United States Fire Insurance Company of New York
- Type: Fire Insurance
- Industry: Finance and Insurance
- Founded: April 9, 1824
- Headquarters: 46 Pine Street, New York City, U.S.
- Key people: William Wilson Underhill Abraham S. Underhill Joshua S. Underhill
- Products: Fire Insurance
- Services: Insurance

= United States Fire Insurance Company of New York =

Defunct insurer

The United States Fire Insurance Company of New York was an insurance company formed on April 9, 1824, with a capital stock of $250,000. The company grew to become an important provider of insurance nationwide, before ceasing operations some time after the 1970s.

==History==
The United States Fire Insurance Company of New York commenced business on April 9, 1824, with a capital stock of $250,000. The Principal Office for the company was located at 46 Pine Street in New York City.

Joshua Sutton Underhill served as President of the company from 1849 until his death in 1858 at the age of 55. Elected to replace him was his younger brother, Abraham Sutton Underhill, who served as President for a further 25 years.
At the time of Joshua's death and Abraham's election, their nephew, W. Wilson Underhill began working as a clerk in insurance commissions.
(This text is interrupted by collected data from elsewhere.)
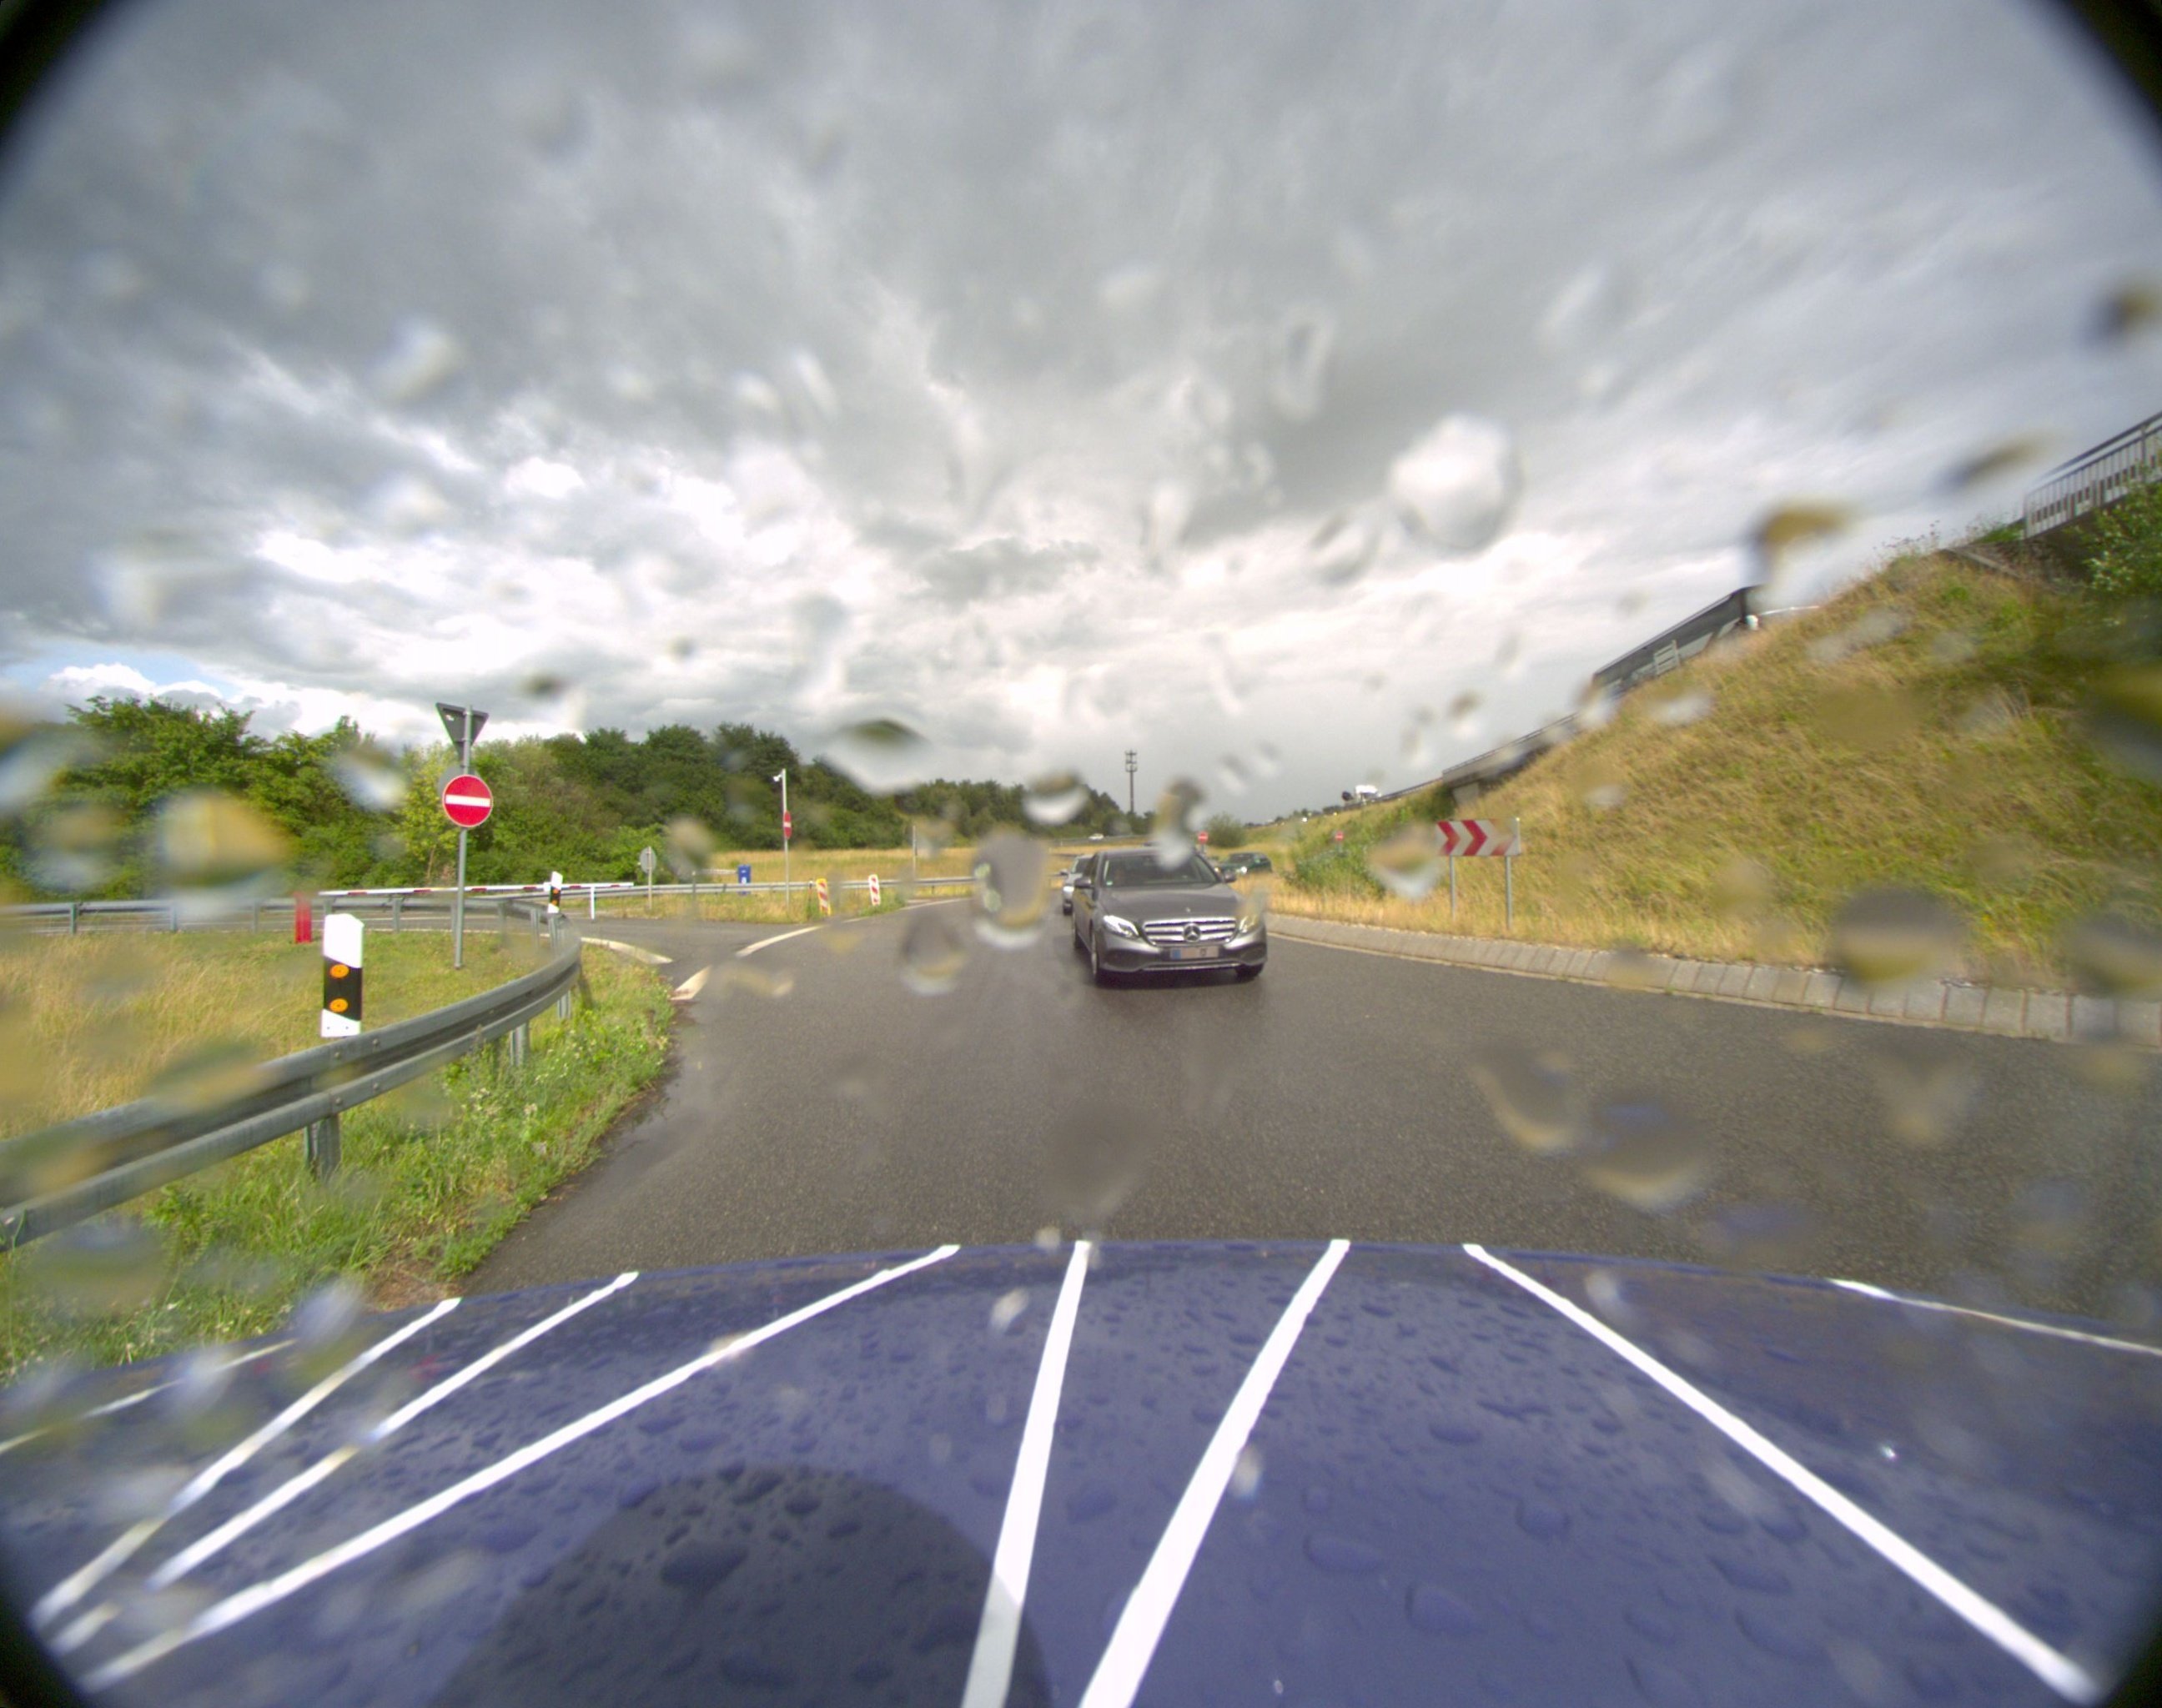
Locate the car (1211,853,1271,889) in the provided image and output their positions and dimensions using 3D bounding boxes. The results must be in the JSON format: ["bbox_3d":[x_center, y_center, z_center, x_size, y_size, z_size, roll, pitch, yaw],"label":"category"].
[{"bbox_3d":[7.182,0.699,33.820,1.770,1.476,3.840,0,0,25],"label":"car"}]

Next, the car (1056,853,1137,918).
[{"bbox_3d":[0.326,0.699,19.085,1.797,1.390,4.348,0,1,-1],"label":"car"}]

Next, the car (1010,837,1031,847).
[{"bbox_3d":[-9.385,-1.821,118.108,1.973,1.528,3.934,0,0,17],"label":"car"}]

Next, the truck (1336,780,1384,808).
[{"bbox_3d":[39.998,-8.533,109.194,3.159,3.176,9.276,-2,1,-2],"label":"truck"}]

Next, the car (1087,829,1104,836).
[{"bbox_3d":[3.502,-5.141,180.144,1.762,1.634,3.902,-2,1,41],"label":"car"}]

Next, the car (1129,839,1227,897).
[{"bbox_3d":[3.923,0.473,29.727,1.889,1.904,5.690,-2,1,27],"label":"car"}]

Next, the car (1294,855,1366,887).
[{"bbox_3d":[12.969,0.853,39.499,3.936,1.528,1.568,-1,0,-36],"label":"car"}]

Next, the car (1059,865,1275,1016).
[{"bbox_3d":[0.762,0.862,9.505,1.771,1.383,4.589,-1,-1,-5],"label":"car"}]

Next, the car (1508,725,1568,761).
[{"bbox_3d":[30.540,-7.392,50.914,1.711,1.517,4.496,-12,-1,10],"label":"car"}]

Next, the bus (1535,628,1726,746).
[{"bbox_3d":[27.602,-8.098,39.432,2.608,3.062,14.476,-2,1,13],"label":"bus"}]

In 1862 he was appointed to the position of Assistant Secretary at the company, becoming Secretary in 1865. He was elected President of the company in 1882 following Abraham's death the previous December, a position he held for 26 years until his retirement in 1908.

A war among insurance companies around 1898 caused a committee of 15 New York-based insurance companies to be formed, and to organize a tariff association. E.C. Irvin of the Fire Association of Philadelphia said at the time, "Rates at first were made so high as to invite and foster unfair and illegitimate competition, loose practices, private deals, broken agreements, and at last utter demoralization." A meeting in September 1898 called for an association to rate and govern the fire insurance businesses in New York City. William Wilson Underhill was involved in discussions leading to formation of the tariff association, given his role as President of the United States Fire Insurance Company. Underhill was subsequently elected as Secretary for the Fire Insurance Tariff Committee. The work of the committee would be favorably received, resulting in the withdrawal of other smaller fire insurance companies and a large loss ratio of the company during the last two months of 1898.
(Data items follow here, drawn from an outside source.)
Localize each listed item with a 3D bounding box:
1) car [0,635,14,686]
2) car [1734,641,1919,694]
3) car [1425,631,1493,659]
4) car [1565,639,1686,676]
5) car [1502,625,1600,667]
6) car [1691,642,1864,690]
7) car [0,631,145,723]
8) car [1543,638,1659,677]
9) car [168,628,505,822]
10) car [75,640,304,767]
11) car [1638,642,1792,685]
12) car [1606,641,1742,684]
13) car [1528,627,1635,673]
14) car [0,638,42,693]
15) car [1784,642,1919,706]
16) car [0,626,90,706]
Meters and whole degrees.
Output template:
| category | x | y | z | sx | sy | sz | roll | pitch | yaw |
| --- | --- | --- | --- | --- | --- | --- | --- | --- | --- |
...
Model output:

The company had net assets of $626,049.95 on December 31, 1901, with total income of $657,078.71 and total disbursements of $542,952.28.

The new century brought with it expansion into new areas across the country. Southwestern General Managers were appointed representatives for the United States Fire Insurance Company of New York for a new venture in Houston, Texas. At times other companies reinsured the outstanding insurance of the United States Fire Insurance Company of New York. Such was the case in 1903, when the National Fire Insurance Company of Hartford reinsured all the risks of the United States Fire Insurance Company of New York in Iowa.

In 1904, H.G. Fairfield & Co. were appointed Boston agents of the United States Fire Insurance Company of New York, to succeed Prescott Chamberlain.

A troubling sign emerged around 1906, when the United States Fire Insurance Company of New York decided to stop underwriting. An article in The New York Times stated, "This stoppage is understood to be only temporary, and until the capital of the company has been reinforced." Their assets at the time had risen to $814,180 and its net surplus was $60,330.

The United States Fire Insurance Company of New York stay in operation as late as 1977 before eventually ceasing operations.